This article is also published in the Financial Times.
Nothing, I recall, ever made my wife and I as popular with our children when we were all living under one roof as the possibility of our all spending a few days in New York over the festive period. The charms of being in the city that goes out of its way to make retail therapy easier than any other were immediately obvious, regardless of age or whose name was actually on the credit card.
Eating out was a further attraction, particularly the portion sizes, as well as the opportunity to enjoy styles of cooking then under-represented in London, most notably Mexican and barbecue.
Happily, the most fascinating recent development I noted on my most recent trip to the city is one not just restricted to New York: that numerous chefs, hitherto associated with expensive restaurants and ingredients, have been turning their attention to much less expensive food with swifter styles of service. The consequences for those with big numbers and big appetites to satisfy are hugely beneficial.
In fact, my only disappointment while researching this trend was when I followed several top chefs' recommendations of the noodles being served at Ivan Ramen in the new Gotham West Market. These tasted pretty ordinary to me, with much greater satisfaction coming from another stand a few metres away serving the excellent Blue Bottle Coffee from San Francisco.

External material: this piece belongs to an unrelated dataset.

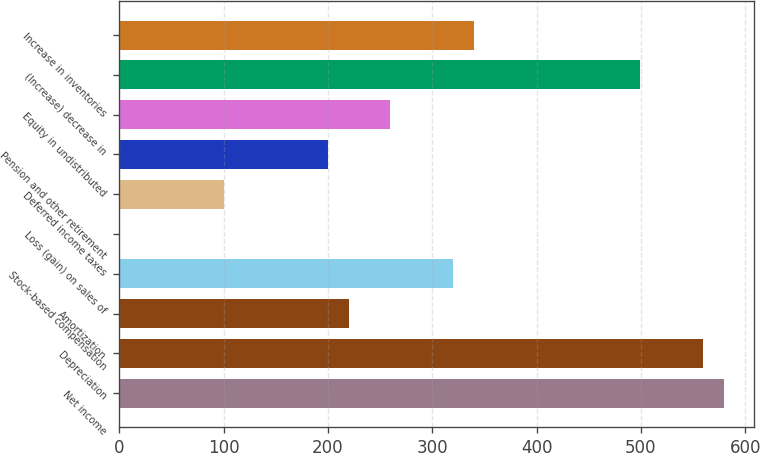Convert chart. <chart><loc_0><loc_0><loc_500><loc_500><bar_chart><fcel>Net income<fcel>Depreciation<fcel>Amortization<fcel>Stock-based compensation<fcel>Loss (gain) on sales of<fcel>Deferred income taxes<fcel>Pension and other retirement<fcel>Equity in undistributed<fcel>(Increase) decrease in<fcel>Increase in inventories<nl><fcel>579.33<fcel>559.36<fcel>219.87<fcel>319.72<fcel>0.2<fcel>100.05<fcel>199.9<fcel>259.81<fcel>499.45<fcel>339.69<nl></chart>

The pleasure quotient was much, much higher at one of the four branches of Mighty Quinn's barbecue stores set up by Hugh Mangum, a graduate of the French Culinary Institute who went on to work under Jean-Georges Vongerichten, but who has now reverted to the pursuit of slow-cooked meat instilled in him by his father.
As were waiting in the queue at the branch in the East Village, a chef took a large, dark, unctuous piece of brisket out of the pit behind him, turned round, and with gloved hands patted it down before preparing to slice it for his appreciative audience. He beamed with pleasure, just as we did too several minutes later seated at thick wooden tables with plates of the brisket, sweet-corn fritters and a sweet-potato casserole.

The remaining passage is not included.